Operationally and strategically, this manifests as an impediment to
deployment of IPv6 for many non-service provider and mobile networks
phasing in dual-stacked (both legacy IPv4 and IPv6) networking with
the expectation of consistent behavior (alway use IPv6 before legacy
IPv4).
Other operational considerations are the use of the policy table
detailed in section 2.1 of [RFC6724] . While conceptually the intent
was for a configurable, longest-match table to be adjusted as-needed.
In practice, modifying the prefix policy table remains difficult
across platforms, and in some cases impossible. Embedded,
proprietary, closed source, and IoT devices are especially difficult
to adjust and are, in many cases, incapable of any adjustment
whatsoever. Large scale manipulation of the policy table also
remains out of the realm of realistic support for small and medium
scale operators due to lack of ability to manipulate all the hosts
and systems, or a lack of tooling and access.
Below is an example of a gai.cnf file from a modern Linux
installation as of 03 April 2022:
# Configuration for getaddrinfo(3).
#
# So far only configuration for the destination address sorting is needed.
# RFC 3484 governs the sorting. But the RFC also says that system
# administrators should be able to overwrite the defaults. This can be
# achieved here.
#
# All lines have an initial identifier specifying the option followed by
# up to two values. Information specified in this file replaces the
# default information. Complete absence of data of one kind causes the
# appropriate default information to be used. The supported commands include:
#
# reload <yes|no>
# If set to yes, each getaddrinfo(3) call will check whether this file
# changed and if necessary reload. This option should not really be
# used. There are possible runtime problems. The default is no.
Buraglio, et al. Expires 24 October 2022 [Page 4]
Internet-Draft Unintended Operational Issues With ULA April 2022
#
# label <mask> <value>
# Add another rule to the RFC 3484 label table. See section 2.1 in
# RFC 3484. The default is:
#
#label ::1/128 0
#label ::/0 1
#label 2002::/16 2
#label ::/96 3
#label ::ffff:0:0/96 4
#label fec0::/10 5
#label fc00::/7 6
#label 2001:0::/32 7
#
# This default differs from the tables given in RFC 3484 by handling
# (now obsolete) site-local IPv6 addresses and Unique Local Addresses.

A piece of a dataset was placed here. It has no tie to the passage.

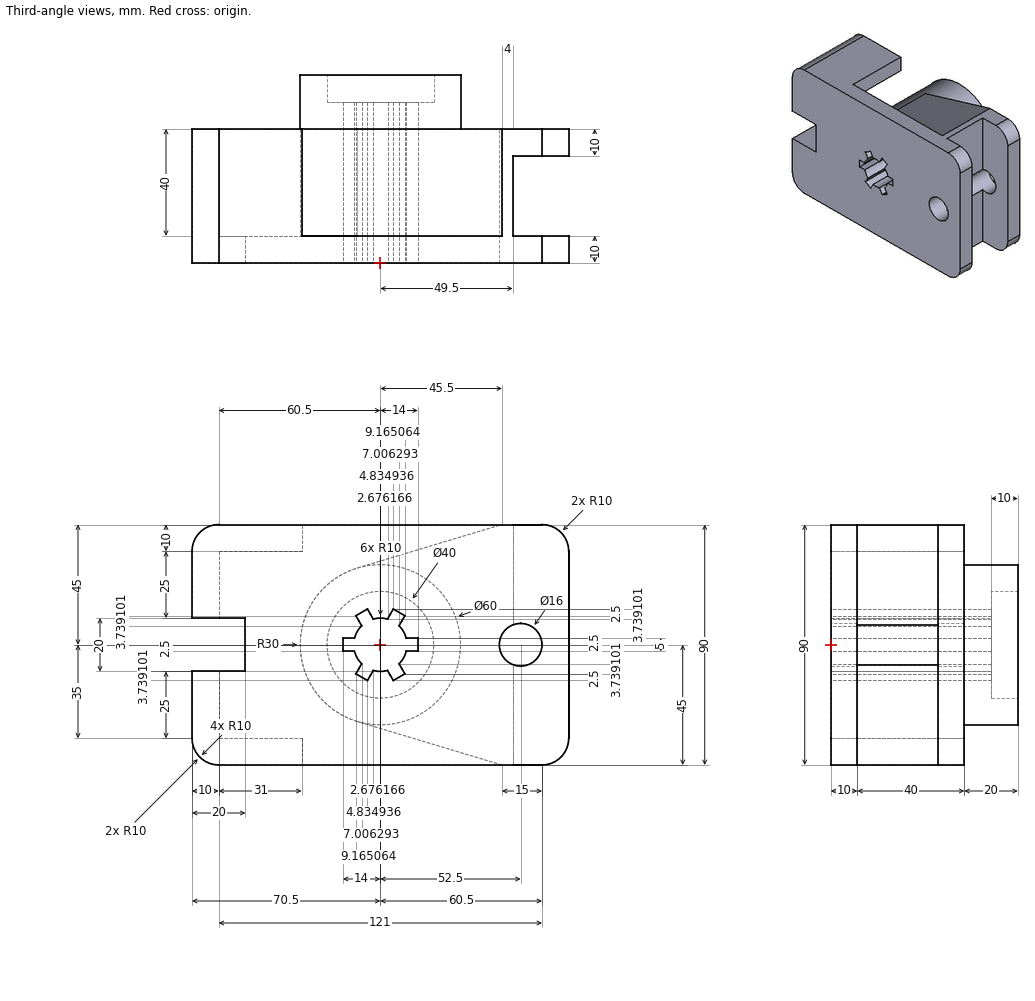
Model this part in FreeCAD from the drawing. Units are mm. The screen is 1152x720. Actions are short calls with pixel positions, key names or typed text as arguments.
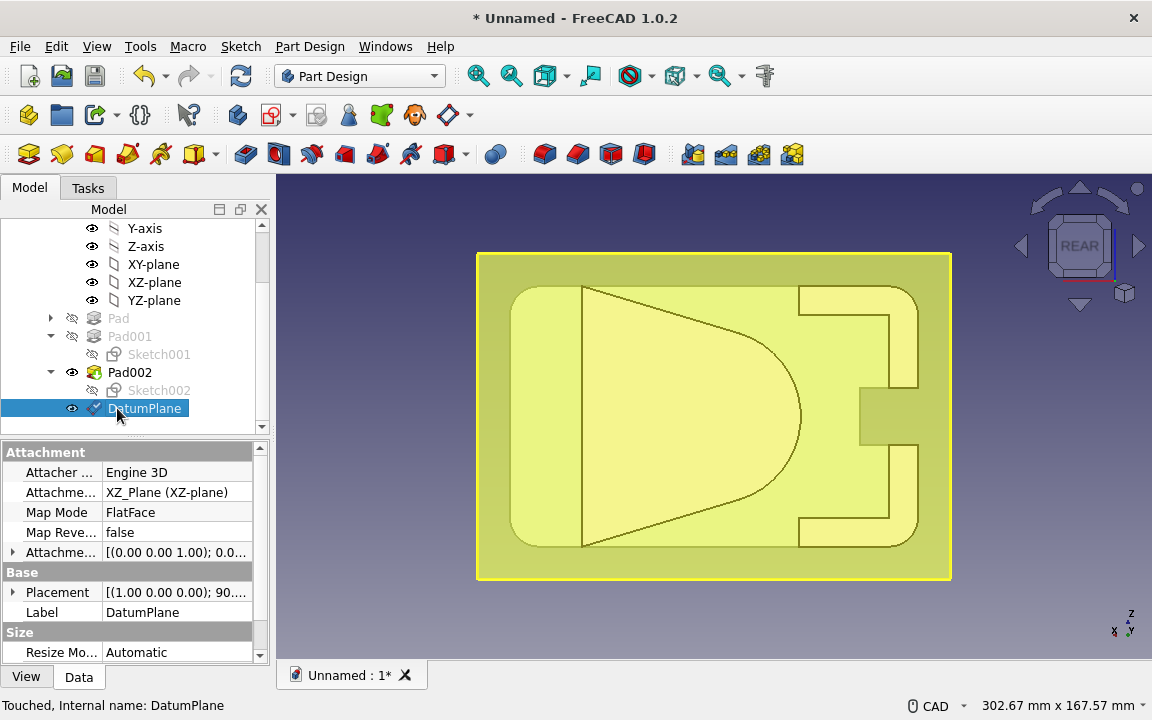
click(270, 116)

# The reason for this difference is that these addresses are never
# NATed while IPv4 site-local addresses most probably are. Given
# the precedence of IPv6 over IPv4 (see below) on machines having only
# site-local IPv4 and IPv6 addresses a lookup for a global address would
# see the IPv6 be preferred. The result is a long delay because the
# site-local IPv6 addresses cannot be used while the IPv4 address is
# (at least for the foreseeable future) NATed. We also treat Teredo
# tunnels special.
#
# precedence <mask> <value>
# Add another rule to the RFC 3484 precedence table. See section 2.1
# and 10.3 in RFC 3484. The default is:
#
#precedence ::1/128 50
#precedence ::/0 40
#precedence 2002::/16 30
#precedence ::/96 20
#precedence ::ffff:0:0/96 10
#
# For sites which prefer IPv4 connections change the last line to
#
#precedence ::ffff:0:0/96 100
#
# scopev4 <mask> <value>
# Add another rule to the RFC 6724 scope table for IPv4 addresses.
# By default the scope IDs described in section 3.2 in RFC 6724 are
# used. Changing these defaults should hardly ever be necessary.
# The defaults are equivalent to:
#
#scopev4 ::ffff:169.254.0.0/112 2
#scopev4 ::ffff:127.0.0.0/104 2
Buraglio, et al. Expires 24 October 2022 [Page 5]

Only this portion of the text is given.